◆ Entries shown:
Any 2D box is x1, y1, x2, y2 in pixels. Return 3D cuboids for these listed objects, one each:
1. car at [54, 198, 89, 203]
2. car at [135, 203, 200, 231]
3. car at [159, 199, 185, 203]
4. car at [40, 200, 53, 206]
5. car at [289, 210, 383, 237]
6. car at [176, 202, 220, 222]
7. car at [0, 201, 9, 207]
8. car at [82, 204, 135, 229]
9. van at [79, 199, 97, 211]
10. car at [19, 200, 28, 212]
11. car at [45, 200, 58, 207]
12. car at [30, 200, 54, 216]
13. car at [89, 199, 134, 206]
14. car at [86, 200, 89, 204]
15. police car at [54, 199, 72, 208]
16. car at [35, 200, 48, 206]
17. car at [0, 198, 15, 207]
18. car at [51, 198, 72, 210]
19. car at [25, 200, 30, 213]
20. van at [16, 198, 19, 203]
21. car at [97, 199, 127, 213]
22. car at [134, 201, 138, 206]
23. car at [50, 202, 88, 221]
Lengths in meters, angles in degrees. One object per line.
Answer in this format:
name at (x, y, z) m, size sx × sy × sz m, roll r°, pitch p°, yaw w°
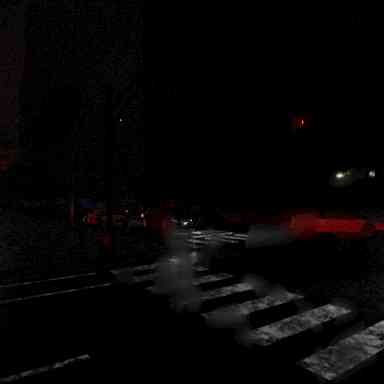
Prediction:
car at (-15.080, 1.788, 41.490) m, size 2.150 × 2.045 × 5.566 m, roll 0°, pitch -1°, yaw -35°
car at (-1.807, 1.759, 22.839) m, size 1.837 × 1.490 × 4.892 m, roll 0°, pitch -1°, yaw -35°
car at (-2.327, 1.669, 33.637) m, size 2.192 × 1.841 × 5.009 m, roll -1°, pitch 0°, yaw -35°
car at (-34.726, 2.662, 79.195) m, size 1.947 × 1.339 × 4.313 m, roll -1°, pitch 0°, yaw -35°
car at (7.647, 1.634, 17.716) m, size 4.718 × 1.301 × 1.895 m, roll -1°, pitch -1°, yaw 11°
car at (0.622, 1.830, 29.487) m, size 1.887 × 1.381 × 4.507 m, roll -1°, pitch 0°, yaw -35°
car at (-44.383, 2.772, 78.066) m, size 1.802 × 1.307 × 4.206 m, roll -1°, pitch 0°, yaw -35°
car at (-6.236, 1.844, 24.416) m, size 1.752 × 1.417 × 4.829 m, roll -1°, pitch 0°, yaw -35°
van at (-17.042, 2.039, 54.383) m, size 1.690 × 1.788 × 3.998 m, roll -1°, pitch 0°, yaw -35°
car at (-23.324, 2.157, 48.445) m, size 1.967 × 1.590 × 4.097 m, roll -1°, pitch 0°, yaw -35°
car at (-31.710, 2.596, 74.954) m, size 1.947 × 1.339 × 4.313 m, roll -1°, pitch 0°, yaw -35°
car at (-17.664, 1.901, 40.482) m, size 2.192 × 1.841 × 5.009 m, roll -1°, pitch 0°, yaw -35°
car at (-7.565, 1.742, 30.900) m, size 2.097 × 1.767 × 4.553 m, roll 0°, pitch -1°, yaw -35°
car at (-11.156, 2.028, 41.467) m, size 1.837 × 1.490 × 4.892 m, roll 0°, pitch 0°, yaw -35°
police car at (-25.432, 2.308, 65.456) m, size 1.930 × 1.638 × 5.238 m, roll 0°, pitch -1°, yaw -35°
car at (-37.740, 2.711, 83.434) m, size 2.008 × 1.369 × 4.403 m, roll -1°, pitch 0°, yaw -35°
car at (-41.268, 2.667, 73.684) m, size 1.887 × 1.381 × 4.507 m, roll -1°, pitch 0°, yaw -35°
car at (-22.740, 2.011, 57.761) m, size 2.150 × 2.045 × 5.566 m, roll 0°, pitch -1°, yaw -35°
car at (-20.491, 2.197, 44.463) m, size 1.887 × 1.381 × 4.507 m, roll -1°, pitch 0°, yaw -35°
van at (-26.157, 2.124, 52.427) m, size 1.690 × 1.788 × 3.998 m, roll -1°, pitch 0°, yaw -35°
car at (-11.156, 1.876, 46.084) m, size 2.192 × 1.841 × 5.009 m, roll -1°, pitch 0°, yaw -35°
car at (-5.264, 2.005, 37.786) m, size 1.802 × 1.307 × 4.206 m, roll -1°, pitch 0°, yaw -35°
car at (-11.996, 2.005, 32.518) m, size 2.008 × 1.369 × 4.403 m, roll -1°, pitch 0°, yaw -35°
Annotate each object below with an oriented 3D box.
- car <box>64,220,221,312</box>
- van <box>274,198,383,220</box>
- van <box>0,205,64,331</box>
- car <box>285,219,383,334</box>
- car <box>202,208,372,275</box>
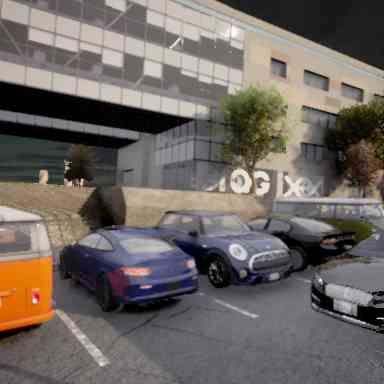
[{"bbox_3d":[-1.666,1.510,7.776,2.002,1.452,4.674,0,0,-36],"label":"car"},{"bbox_3d":[5.220,1.216,12.552,1.878,1.987,4.442,0,0,-36],"label":"van"},{"bbox_3d":[-4.010,1.253,6.250,1.878,1.987,4.442,0,0,-36],"label":"van"},{"bbox_3d":[4.306,1.468,6.452,4.902,1.511,2.128,0,0,-36],"label":"car"},{"bbox_3d":[2.781,1.451,10.947,2.097,1.535,5.008,0,0,-36],"label":"car"}]
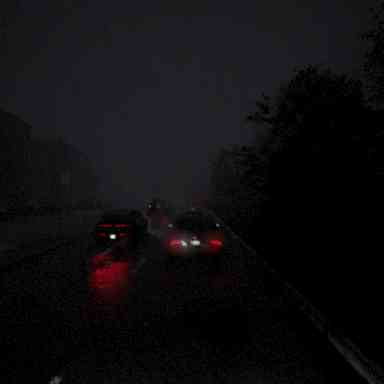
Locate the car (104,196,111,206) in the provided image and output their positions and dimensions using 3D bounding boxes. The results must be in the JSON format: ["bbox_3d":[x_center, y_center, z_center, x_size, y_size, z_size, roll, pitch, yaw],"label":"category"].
[{"bbox_3d":[-15.524,1.580,55.374,2.097,1.535,5.008,0,0,0],"label":"car"}]

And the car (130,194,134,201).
[{"bbox_3d":[-15.601,1.674,77.597,2.002,1.452,4.674,0,0,0],"label":"car"}]

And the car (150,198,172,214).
[{"bbox_3d":[-3.184,1.427,33.512,2.097,1.767,4.553,0,0,0],"label":"car"}]

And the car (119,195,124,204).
[{"bbox_3d":[-15.562,1.482,66.450,2.185,1.767,4.553,0,0,0],"label":"car"}]

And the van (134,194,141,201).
[{"bbox_3d":[-15.638,1.435,88.529,1.878,1.987,4.442,0,0,0],"label":"van"}]

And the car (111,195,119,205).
[{"bbox_3d":[-15.544,1.595,60.900,2.231,1.521,4.892,0,0,0],"label":"car"}]

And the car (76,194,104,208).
[{"bbox_3d":[-15.505,1.316,49.941,2.435,2.045,5.566,0,0,0],"label":"car"}]

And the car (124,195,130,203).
[{"bbox_3d":[-15.581,1.495,71.976,2.185,1.767,4.553,0,0,0],"label":"car"}]

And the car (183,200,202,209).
[{"bbox_3d":[0.065,1.556,35.433,1.882,1.535,5.008,0,0,0],"label":"car"}]

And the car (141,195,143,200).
[{"bbox_3d":[-15.659,1.704,94.140,2.163,1.488,4.792,0,0,0],"label":"car"}]

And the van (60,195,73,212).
[{"bbox_3d":[-15.467,1.314,38.678,1.878,1.987,4.442,0,0,0],"label":"van"}]

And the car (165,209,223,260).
[{"bbox_3d":[0.088,1.575,12.438,2.033,1.411,5.357,0,0,0],"label":"car"}]

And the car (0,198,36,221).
[{"bbox_3d":[-15.429,1.388,27.775,2.185,1.767,4.553,0,0,0],"label":"car"}]

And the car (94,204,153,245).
[{"bbox_3d":[-3.167,1.540,15.713,1.837,1.490,4.892,0,0,0],"label":"car"}]

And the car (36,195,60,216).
[{"bbox_3d":[-15.448,1.401,33.300,2.185,1.767,4.553,0,0,0],"label":"car"}]
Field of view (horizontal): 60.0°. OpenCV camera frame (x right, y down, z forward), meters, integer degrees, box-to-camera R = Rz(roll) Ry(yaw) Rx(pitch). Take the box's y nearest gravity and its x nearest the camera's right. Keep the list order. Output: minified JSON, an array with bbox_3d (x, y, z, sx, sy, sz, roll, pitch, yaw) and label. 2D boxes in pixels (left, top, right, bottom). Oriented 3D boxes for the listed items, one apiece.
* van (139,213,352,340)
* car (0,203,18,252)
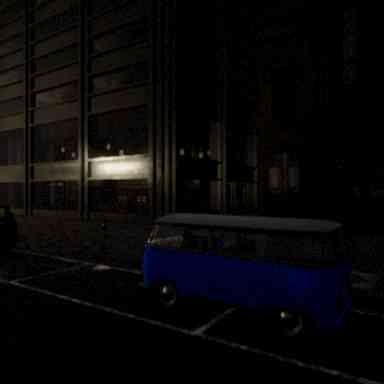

◆ What the task requires:
Beginning with the top line of the data above, output every line exactly until the one that contains "name at (x, y, z)", and include that one too.

◆ Output of the task:
Any 2D box is x1, y1, x2, y2 in pixels. Return 3D cuboids for these listed objects, one each:
1. car at [54, 198, 89, 203]
2. car at [135, 203, 200, 231]
3. car at [159, 199, 185, 203]
4. car at [40, 200, 53, 206]
5. car at [289, 210, 383, 237]
6. car at [176, 202, 220, 222]
7. car at [0, 201, 9, 207]
8. car at [82, 204, 135, 229]
9. van at [79, 199, 97, 211]
10. car at [19, 200, 28, 212]
11. car at [45, 200, 58, 207]
12. car at [30, 200, 54, 216]
13. car at [89, 199, 134, 206]
14. car at [86, 200, 89, 204]
15. police car at [54, 199, 72, 208]
16. car at [35, 200, 48, 206]
17. car at [0, 198, 15, 207]
18. car at [51, 198, 72, 210]
19. car at [25, 200, 30, 213]
20. van at [16, 198, 19, 203]
21. car at [97, 199, 127, 213]
22. car at [134, 201, 138, 206]
23. car at [50, 202, 88, 221]
Lengths in meters, angles in degrees. One object per line.
Answer in this format:
name at (x, y, z) m, size sx × sy × sz m, roll r°, pitch p°, yaw w°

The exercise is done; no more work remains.